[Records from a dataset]
= Beginning of Section =

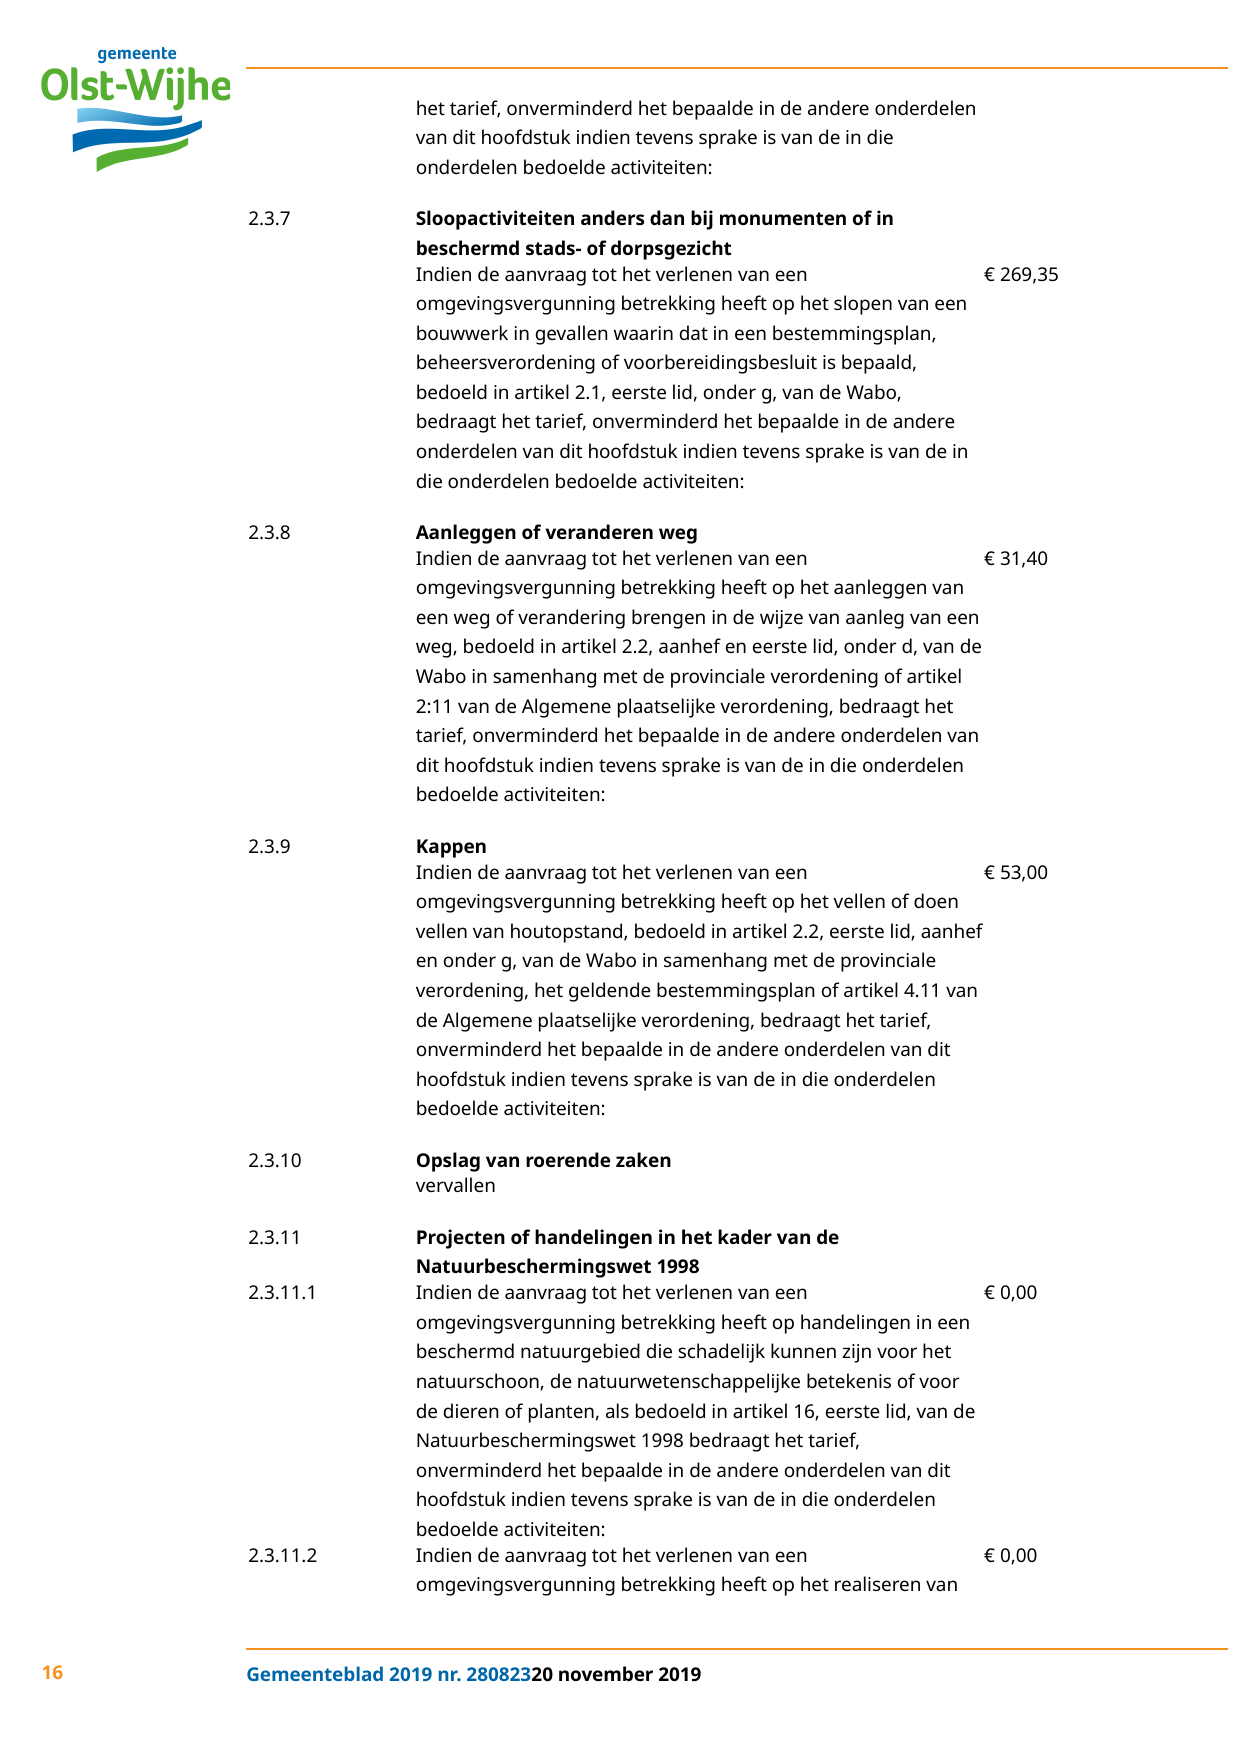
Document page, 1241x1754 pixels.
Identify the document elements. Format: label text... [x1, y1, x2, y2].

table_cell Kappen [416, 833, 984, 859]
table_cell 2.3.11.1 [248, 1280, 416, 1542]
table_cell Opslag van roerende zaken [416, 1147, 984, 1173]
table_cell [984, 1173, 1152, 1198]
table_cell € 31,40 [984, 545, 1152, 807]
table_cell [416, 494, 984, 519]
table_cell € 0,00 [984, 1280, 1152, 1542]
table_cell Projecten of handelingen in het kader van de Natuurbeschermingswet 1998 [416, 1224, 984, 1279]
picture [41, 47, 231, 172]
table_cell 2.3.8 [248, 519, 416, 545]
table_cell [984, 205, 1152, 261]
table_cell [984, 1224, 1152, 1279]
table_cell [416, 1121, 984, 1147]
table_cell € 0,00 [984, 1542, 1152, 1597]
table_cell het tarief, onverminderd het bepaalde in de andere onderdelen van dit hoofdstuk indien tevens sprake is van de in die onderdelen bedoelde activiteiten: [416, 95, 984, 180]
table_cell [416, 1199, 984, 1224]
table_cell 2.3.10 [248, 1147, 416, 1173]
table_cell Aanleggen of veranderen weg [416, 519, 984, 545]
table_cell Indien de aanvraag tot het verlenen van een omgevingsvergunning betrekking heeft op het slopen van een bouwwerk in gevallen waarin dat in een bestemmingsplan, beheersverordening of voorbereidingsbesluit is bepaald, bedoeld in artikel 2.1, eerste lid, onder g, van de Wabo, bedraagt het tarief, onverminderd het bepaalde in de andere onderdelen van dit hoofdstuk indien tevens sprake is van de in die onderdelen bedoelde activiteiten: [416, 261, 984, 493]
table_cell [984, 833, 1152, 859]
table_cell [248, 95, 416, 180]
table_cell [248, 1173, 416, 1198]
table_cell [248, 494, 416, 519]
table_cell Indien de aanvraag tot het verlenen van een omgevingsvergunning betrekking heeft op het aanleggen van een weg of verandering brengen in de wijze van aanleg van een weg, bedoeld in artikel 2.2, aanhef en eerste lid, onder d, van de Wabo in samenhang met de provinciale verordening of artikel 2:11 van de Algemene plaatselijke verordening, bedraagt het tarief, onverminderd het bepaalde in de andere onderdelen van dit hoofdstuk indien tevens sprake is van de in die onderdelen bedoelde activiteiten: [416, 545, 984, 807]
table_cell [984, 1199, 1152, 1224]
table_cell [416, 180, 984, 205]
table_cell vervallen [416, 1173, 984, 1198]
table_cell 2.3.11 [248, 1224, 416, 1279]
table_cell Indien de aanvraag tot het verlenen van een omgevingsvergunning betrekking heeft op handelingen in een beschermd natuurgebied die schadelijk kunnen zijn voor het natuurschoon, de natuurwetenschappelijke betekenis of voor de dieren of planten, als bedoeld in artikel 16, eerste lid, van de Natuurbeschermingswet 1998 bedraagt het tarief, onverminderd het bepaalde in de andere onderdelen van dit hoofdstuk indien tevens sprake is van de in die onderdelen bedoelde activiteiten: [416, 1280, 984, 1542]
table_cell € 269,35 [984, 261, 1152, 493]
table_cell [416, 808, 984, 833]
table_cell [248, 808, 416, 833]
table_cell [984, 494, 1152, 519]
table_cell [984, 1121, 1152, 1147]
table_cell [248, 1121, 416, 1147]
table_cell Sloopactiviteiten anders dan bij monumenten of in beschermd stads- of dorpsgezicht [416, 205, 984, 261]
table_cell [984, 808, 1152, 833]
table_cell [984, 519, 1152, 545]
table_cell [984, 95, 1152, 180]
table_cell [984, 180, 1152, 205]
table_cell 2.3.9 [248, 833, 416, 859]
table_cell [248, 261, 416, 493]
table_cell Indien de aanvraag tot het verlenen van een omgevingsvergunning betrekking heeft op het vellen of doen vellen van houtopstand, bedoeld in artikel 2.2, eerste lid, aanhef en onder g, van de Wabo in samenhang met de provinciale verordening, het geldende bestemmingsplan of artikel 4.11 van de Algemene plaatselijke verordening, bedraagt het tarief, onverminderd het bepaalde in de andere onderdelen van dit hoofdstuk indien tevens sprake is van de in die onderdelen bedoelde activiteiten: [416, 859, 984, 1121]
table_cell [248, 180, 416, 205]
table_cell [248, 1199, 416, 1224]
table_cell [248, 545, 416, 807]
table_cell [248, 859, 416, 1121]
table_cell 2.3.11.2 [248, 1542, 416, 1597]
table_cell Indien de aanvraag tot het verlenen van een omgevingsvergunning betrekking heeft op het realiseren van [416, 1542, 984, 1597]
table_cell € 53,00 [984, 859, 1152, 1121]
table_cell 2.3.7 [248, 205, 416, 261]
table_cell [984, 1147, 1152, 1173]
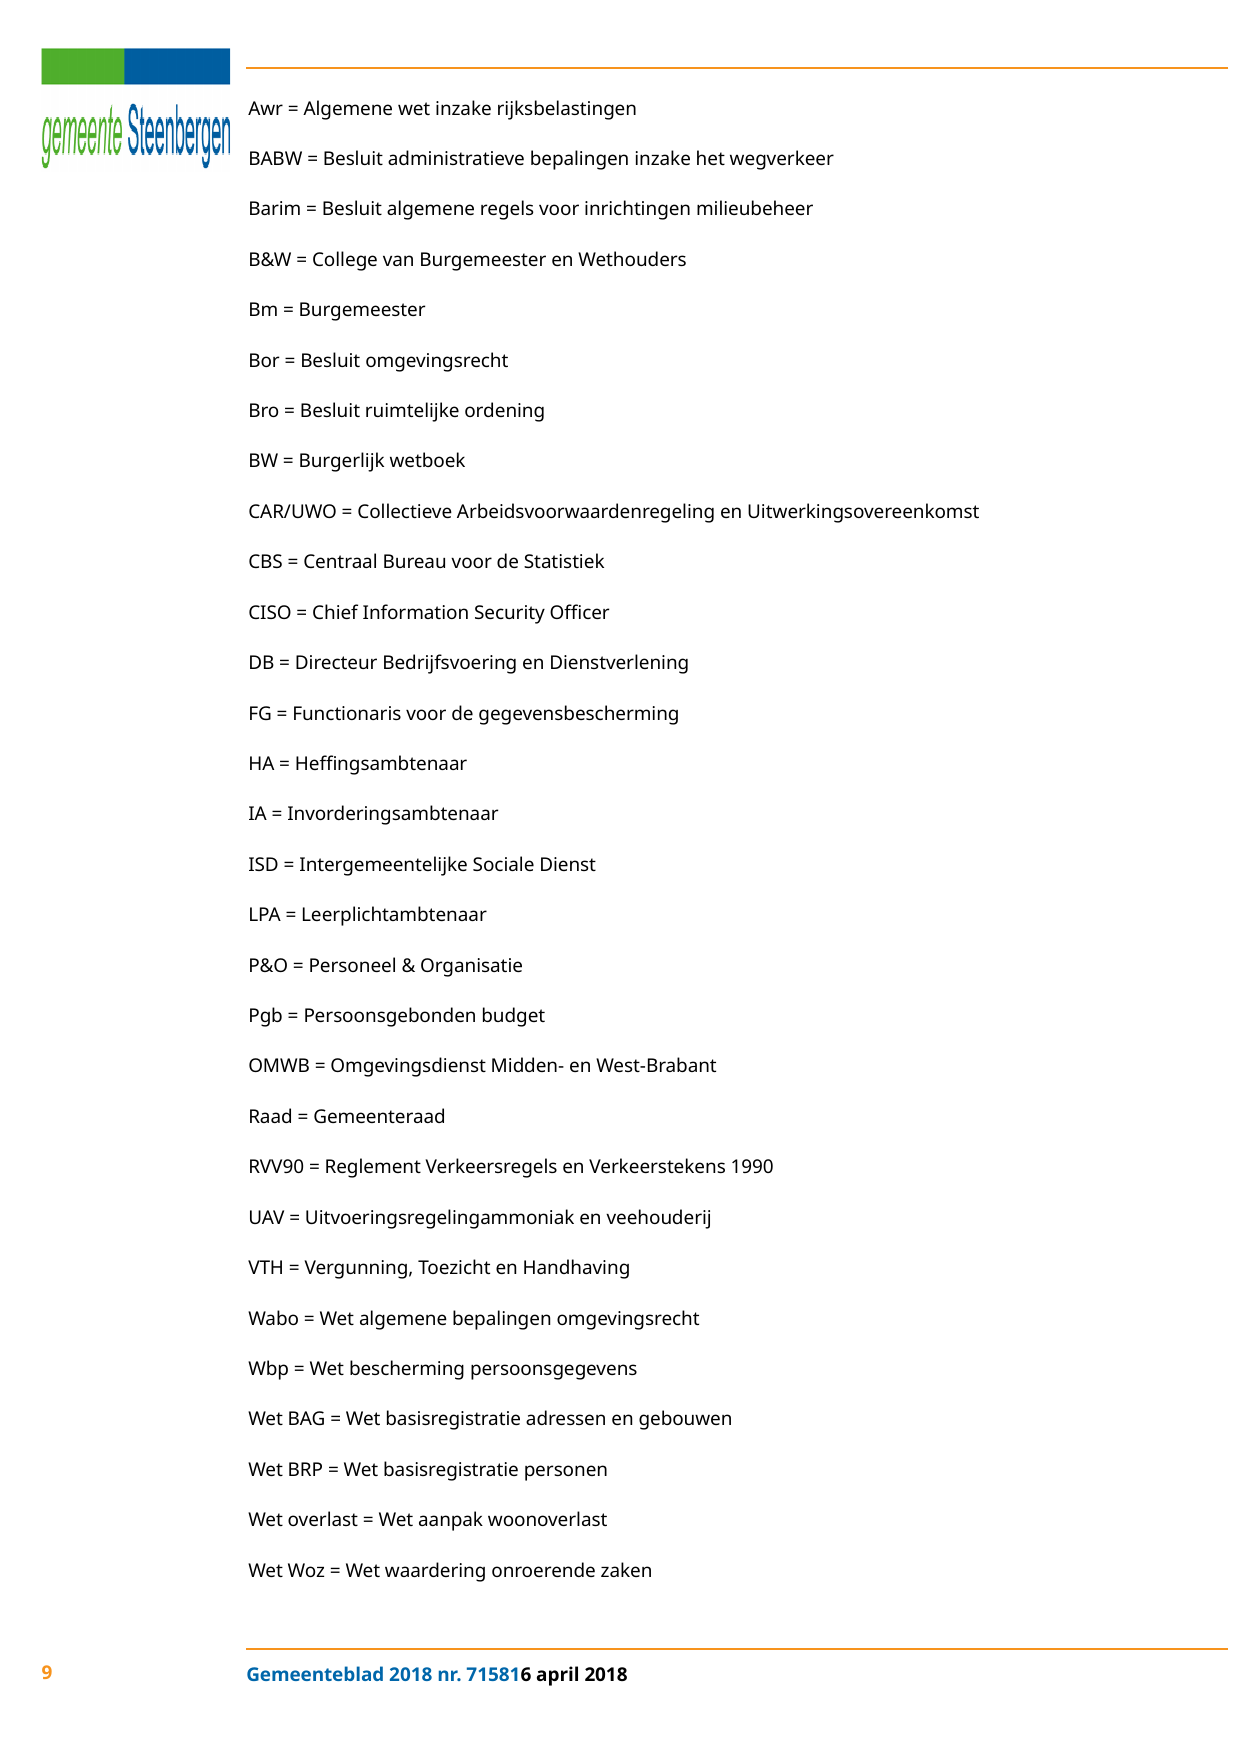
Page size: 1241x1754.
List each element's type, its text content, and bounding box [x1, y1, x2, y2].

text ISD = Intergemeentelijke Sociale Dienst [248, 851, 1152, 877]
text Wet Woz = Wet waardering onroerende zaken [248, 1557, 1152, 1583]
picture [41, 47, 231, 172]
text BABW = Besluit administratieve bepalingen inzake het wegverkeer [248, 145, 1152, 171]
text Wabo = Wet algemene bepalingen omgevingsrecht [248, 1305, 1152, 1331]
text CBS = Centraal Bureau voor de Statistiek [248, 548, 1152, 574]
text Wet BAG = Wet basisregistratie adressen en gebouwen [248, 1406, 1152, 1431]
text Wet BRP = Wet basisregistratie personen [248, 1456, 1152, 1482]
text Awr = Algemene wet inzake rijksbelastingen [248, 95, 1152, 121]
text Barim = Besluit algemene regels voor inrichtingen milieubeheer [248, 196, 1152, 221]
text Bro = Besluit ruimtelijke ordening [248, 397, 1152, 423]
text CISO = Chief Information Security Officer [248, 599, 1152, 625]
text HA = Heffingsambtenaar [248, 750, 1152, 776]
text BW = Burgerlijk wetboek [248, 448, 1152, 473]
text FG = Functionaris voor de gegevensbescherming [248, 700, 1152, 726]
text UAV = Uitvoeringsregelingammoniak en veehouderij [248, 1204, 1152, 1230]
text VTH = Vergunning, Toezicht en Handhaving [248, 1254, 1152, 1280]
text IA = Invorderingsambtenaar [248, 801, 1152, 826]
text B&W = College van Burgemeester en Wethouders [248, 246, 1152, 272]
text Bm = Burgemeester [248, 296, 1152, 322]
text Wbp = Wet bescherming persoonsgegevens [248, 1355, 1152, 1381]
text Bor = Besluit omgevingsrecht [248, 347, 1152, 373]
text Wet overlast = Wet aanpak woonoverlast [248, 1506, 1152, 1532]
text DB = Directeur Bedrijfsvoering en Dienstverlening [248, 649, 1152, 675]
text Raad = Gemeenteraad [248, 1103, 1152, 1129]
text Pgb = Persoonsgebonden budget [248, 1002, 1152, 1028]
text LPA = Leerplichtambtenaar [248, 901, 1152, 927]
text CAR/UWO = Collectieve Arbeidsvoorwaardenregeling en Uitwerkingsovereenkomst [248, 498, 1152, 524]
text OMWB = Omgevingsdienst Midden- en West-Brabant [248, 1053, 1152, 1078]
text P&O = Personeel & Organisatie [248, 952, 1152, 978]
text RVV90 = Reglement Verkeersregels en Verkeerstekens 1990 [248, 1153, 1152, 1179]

= End of Section =

◆ What you need to do: Copy exactly the lines from the first line of the records above through the line with "table_cell [248, 494, 416, 519]", both included, and nothing else. Pictures stay out.

◆ Solution for this exercise:
Document page, 1241x1754 pixels.
Identify the document elements. Format: label text... [x1, y1, x2, y2].

table_cell Kappen [416, 833, 984, 859]
table_cell 2.3.11.1 [248, 1280, 416, 1542]
table_cell Opslag van roerende zaken [416, 1147, 984, 1173]
table_cell [984, 1173, 1152, 1198]
table_cell € 31,40 [984, 545, 1152, 807]
table_cell [416, 494, 984, 519]
table_cell € 0,00 [984, 1280, 1152, 1542]
table_cell Projecten of handelingen in het kader van de Natuurbeschermingswet 1998 [416, 1224, 984, 1279]
picture [41, 47, 231, 172]
table_cell 2.3.8 [248, 519, 416, 545]
table_cell [984, 205, 1152, 261]
table_cell [984, 1224, 1152, 1279]
table_cell [416, 1121, 984, 1147]
table_cell € 0,00 [984, 1542, 1152, 1597]
table_cell het tarief, onverminderd het bepaalde in de andere onderdelen van dit hoofdstuk indien tevens sprake is van de in die onderdelen bedoelde activiteiten: [416, 95, 984, 180]
table_cell [416, 1199, 984, 1224]
table_cell 2.3.10 [248, 1147, 416, 1173]
table_cell Aanleggen of veranderen weg [416, 519, 984, 545]
table_cell Indien de aanvraag tot het verlenen van een omgevingsvergunning betrekking heeft op het slopen van een bouwwerk in gevallen waarin dat in een bestemmingsplan, beheersverordening of voorbereidingsbesluit is bepaald, bedoeld in artikel 2.1, eerste lid, onder g, van de Wabo, bedraagt het tarief, onverminderd het bepaalde in de andere onderdelen van dit hoofdstuk indien tevens sprake is van de in die onderdelen bedoelde activiteiten: [416, 261, 984, 493]
table_cell [984, 833, 1152, 859]
table_cell [248, 95, 416, 180]
table_cell [248, 1173, 416, 1198]
table_cell [248, 494, 416, 519]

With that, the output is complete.